Using dataframely with coding agents#

Coding agents like Claude Code, Codex and GitHub Copilot are particularly powerful when two criteria are met:

  1. The agent has access to the full context required to solve the problem, i.e. does not have to guess.

  2. The results of the agent’s work can be easily verified.

When writing data processing logic, dataframely helps to fulfill these criteria.

To help your coding agent write idiomatic dataframely code, we provide a dataframely skill following the agentskills.io spec. You can install it by placing it where your agent can find it. For example, if you are using Claude Code:

mkdir -p .claude/skills/dataframely/
curl -o .claude/skills/dataframely/SKILL.md https://raw.githubusercontent.com/Quantco/dataframely/refs/heads/main/skills/SKILL.md

or if you are using skills.sh to manage your skills:

npx skills add Quantco/dataframely

Refer to the documentation of your coding agent for instructions on how to add custom skills.

Tell the agent about your data with dataframely schemas#

dataframely schemas provide a clear format for documenting dataframe structure and contents, which helps coding agents understand your code base. We recommend structuring your data processing code using clear interfaces that are documented using dataframely type hints. This streamlines your coding agent’s ability to find the right schema at the right time.

For example:

def preprocess(raw: dy.LazyFrame[MyRawSchema]) -> dy.DataFrame[MyPreprocessedSchema]:
    ...

gives a coding agent much more information than the schema-less alternative:

def load_data(raw: pl.LazyFrame) -> pl.DataFrame:
    ...

This convention also makes your code more readable and maintainable for human developers.

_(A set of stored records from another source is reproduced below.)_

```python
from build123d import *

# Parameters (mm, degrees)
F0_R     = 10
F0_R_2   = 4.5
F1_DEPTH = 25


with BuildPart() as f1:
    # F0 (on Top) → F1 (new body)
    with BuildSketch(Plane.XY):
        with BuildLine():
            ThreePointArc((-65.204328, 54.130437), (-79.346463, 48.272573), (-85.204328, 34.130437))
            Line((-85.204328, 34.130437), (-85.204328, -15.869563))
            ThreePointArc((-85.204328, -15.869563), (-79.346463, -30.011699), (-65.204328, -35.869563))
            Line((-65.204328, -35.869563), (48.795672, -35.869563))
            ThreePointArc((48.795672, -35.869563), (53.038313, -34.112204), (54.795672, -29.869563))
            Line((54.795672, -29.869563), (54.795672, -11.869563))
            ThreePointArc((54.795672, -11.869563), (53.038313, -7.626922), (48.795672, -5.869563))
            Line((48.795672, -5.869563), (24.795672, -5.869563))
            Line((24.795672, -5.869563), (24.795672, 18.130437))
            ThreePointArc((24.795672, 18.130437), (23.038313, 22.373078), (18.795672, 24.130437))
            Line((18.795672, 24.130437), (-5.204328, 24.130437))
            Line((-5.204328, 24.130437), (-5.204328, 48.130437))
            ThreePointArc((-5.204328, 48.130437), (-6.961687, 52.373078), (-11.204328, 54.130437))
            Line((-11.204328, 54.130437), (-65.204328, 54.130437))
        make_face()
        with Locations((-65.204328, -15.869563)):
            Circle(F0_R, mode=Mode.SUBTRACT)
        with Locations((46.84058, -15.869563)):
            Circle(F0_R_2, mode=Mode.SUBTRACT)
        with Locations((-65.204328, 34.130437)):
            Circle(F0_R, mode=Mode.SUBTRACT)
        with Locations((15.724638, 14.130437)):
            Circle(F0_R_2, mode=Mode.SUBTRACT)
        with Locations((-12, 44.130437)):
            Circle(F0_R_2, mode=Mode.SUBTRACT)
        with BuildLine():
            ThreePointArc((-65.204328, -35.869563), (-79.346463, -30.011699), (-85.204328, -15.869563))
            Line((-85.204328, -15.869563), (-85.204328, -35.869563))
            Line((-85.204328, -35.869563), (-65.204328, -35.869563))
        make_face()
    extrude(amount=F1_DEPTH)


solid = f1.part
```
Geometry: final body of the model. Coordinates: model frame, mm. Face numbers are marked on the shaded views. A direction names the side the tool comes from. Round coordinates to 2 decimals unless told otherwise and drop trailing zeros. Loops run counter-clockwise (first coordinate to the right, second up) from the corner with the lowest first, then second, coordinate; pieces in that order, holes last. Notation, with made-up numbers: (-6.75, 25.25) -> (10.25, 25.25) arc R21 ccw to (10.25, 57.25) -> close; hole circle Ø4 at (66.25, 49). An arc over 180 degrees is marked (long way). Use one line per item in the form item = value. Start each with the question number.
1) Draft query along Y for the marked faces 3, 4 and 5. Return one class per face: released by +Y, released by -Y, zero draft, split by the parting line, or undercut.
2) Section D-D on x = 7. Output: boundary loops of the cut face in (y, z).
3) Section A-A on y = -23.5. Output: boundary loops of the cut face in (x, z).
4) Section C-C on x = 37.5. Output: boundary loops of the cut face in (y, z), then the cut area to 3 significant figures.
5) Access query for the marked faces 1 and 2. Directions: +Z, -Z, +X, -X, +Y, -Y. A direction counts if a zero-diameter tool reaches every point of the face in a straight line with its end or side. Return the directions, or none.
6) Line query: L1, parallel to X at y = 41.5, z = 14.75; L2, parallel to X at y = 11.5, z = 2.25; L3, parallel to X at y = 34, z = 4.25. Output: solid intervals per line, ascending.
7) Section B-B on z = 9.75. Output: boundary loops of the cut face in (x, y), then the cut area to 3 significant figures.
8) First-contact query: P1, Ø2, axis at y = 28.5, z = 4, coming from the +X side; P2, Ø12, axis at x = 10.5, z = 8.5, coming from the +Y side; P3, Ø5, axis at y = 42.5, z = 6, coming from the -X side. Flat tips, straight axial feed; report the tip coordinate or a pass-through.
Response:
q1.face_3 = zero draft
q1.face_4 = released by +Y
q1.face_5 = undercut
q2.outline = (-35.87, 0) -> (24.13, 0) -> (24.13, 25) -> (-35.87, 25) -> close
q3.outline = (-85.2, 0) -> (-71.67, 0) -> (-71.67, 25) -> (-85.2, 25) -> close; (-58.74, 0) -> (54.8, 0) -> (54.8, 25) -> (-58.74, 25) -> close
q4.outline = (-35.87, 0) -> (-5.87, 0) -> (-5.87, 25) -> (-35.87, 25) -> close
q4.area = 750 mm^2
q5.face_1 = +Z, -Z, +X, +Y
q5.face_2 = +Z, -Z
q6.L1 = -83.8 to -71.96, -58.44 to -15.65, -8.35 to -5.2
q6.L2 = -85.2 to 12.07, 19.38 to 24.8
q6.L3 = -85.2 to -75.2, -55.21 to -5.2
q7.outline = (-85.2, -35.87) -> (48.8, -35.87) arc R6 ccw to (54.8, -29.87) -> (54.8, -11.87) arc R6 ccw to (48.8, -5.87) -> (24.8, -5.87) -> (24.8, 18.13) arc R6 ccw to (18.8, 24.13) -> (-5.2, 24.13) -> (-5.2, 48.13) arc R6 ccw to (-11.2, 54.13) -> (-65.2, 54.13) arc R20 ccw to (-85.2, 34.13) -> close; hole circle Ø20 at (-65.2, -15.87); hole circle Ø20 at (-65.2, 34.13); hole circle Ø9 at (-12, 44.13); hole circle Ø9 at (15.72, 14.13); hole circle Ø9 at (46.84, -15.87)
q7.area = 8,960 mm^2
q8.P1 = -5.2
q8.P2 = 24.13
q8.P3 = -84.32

If there is additional domain information that is not natively expressed through the structure of the schema, we recommend documenting this as docstrings on the definition of the schema columns. One common example would be the semantic meanings of enum values referring to conventions in the data:

class HospitalStaySchema(dy.Schema):
    # Reason for admission to the hospital
    # N = Emergency
    # V = Transfer from another hospital
    # ...
    admission_reason = dy.Enum(["N", "V", ...])

Verifying results#

dataframely supports you and your coding agent in writing unit tests for individual pieces of logic. One significant bottleneck is the generation of appropriate test data. Check out our documentation on synthetic data generation to see how dataframely can help you generate realistic test data that meets the constraints of your schema. We recommend requiring your coding agent to write tests using this functionality to verify its work.

[!NOTE] The official skill already tells your coding agent how to best write unit tests with dataframely.